Valve has already publicly stated it has no plans for Steam on Linux. Being former Microsoft developers, who is surprised? But id has always been a cross-platform development company and it’s disappointing to see them partner with Valve on this. But I can’t really blame them, as they deserve kudos for monetizing their catalog titles, and the price point is amazing – $70 for all id titles up to and including Doom3 and it’s expansion. That’s amazing – play all their games from Commander Keen to Quake to Doom3. (Yes, I know I’m talking out of both sides of my mouth.)

Now the bad news – it appears that Valve is using DOSBox to make id’s older games playable, which is GPL, without including specific files, such as COPYING.TXT which makes this violate the GPL.

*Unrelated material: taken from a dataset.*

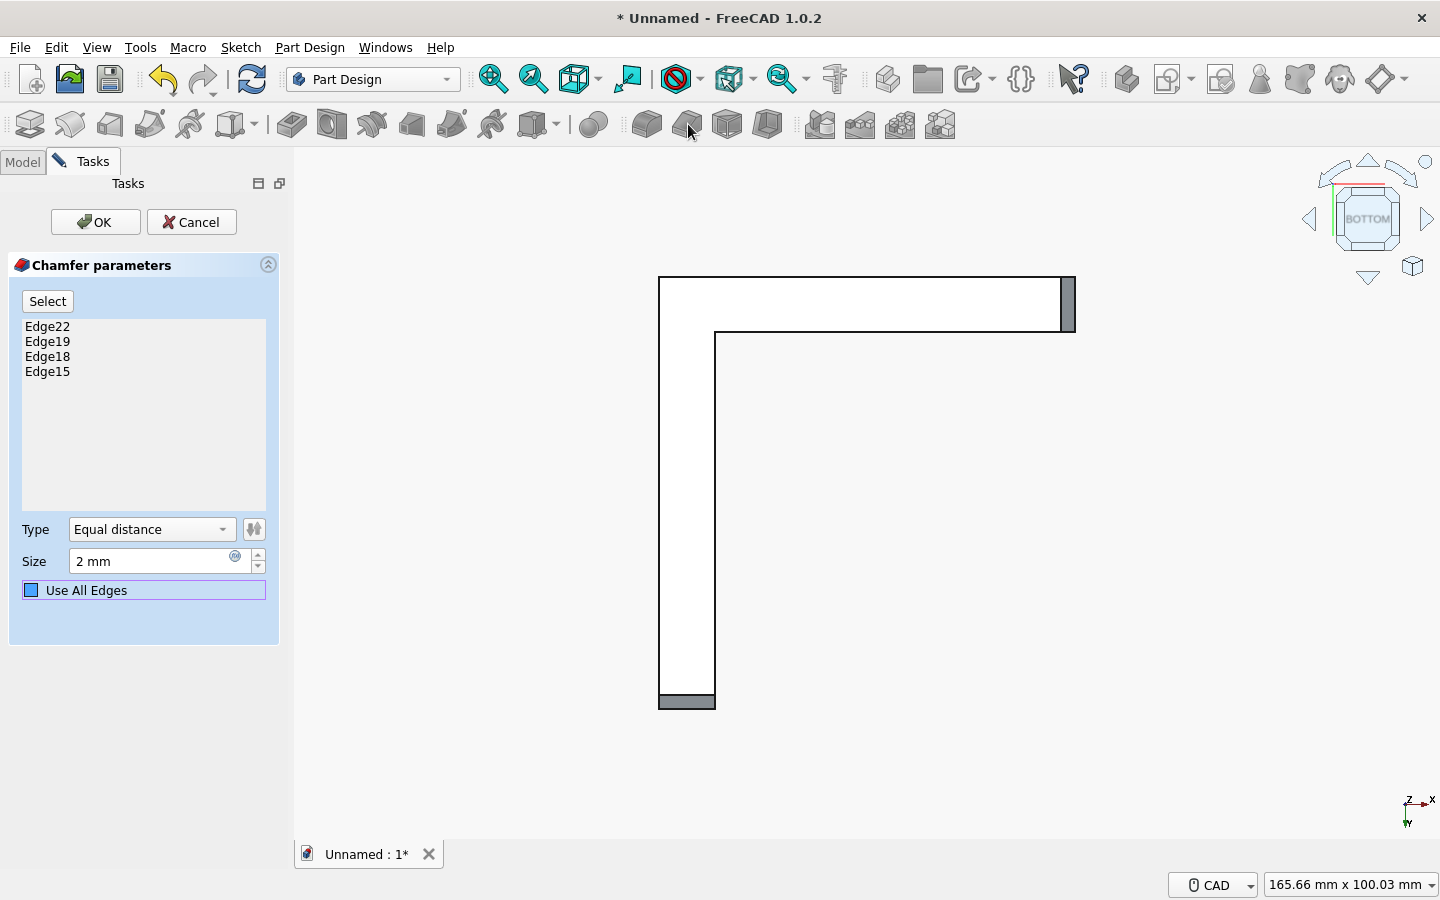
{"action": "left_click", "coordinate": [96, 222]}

I saw the original story on Slashdot, and it’s an interesting tale of two communities. The HalfLife2.net forums quickly degenerate into mudslinging, especially on pages 4-7, with one user going so far as to, well, read for yourself:

****ing ridiculous. I don’t know how some of you can brush this off as a mere ‘molehill’ or misunderstanding. You Valve and ID apologists sicken me.

The GPL is essentially the word of God, look at it as the 13th commandment: Thou Shalt Distribute The Source And Any Chamges Made Unto It To All Those Who Ask. When God created Adam and Eve he made it such that when they procreate, each of them combine to make the new item and the source modification is passed on down the generations. It is no co-incidence that Richard Stallman appears as we envisage God to appear for he is a true prophet of our time, a visionary who is putting Gods voice into the digital age.

The fact that these heathens dared ignore Gods word and packaged the games without copying.txt is absolutely unforgivable. They will surely rot for eternity in hell as no doubt you who support them will too.

…Which is an interesting take on the GPL that I haven’t necessary seen before. I’ve heard of GNU zealots, but this might take the cake.

The DOSBox forums are a contrast in civility and logic. Instead of Valve bashing and zealotry, DOSBox developers call out the exceptions, and update the thread when Valve does something good, such as adding back the COPYING.TXT file via Steam. The developers seem understanding of the situation so far, and while major questions remain around distributing the source of Valve’s changes, the DOSBox team seem to be taking a wait an see approach.

John Carmack, id’s lead developer and co-owner, has always been a friend of the GPL – he has led the open sourcing of most prior games once the licensees are done using them, resulting in successes such as ioquake3. I’m hopeful this will all be resolved in a good way. And I still wish Valve would put a Steam client on Linux (and OSX) too.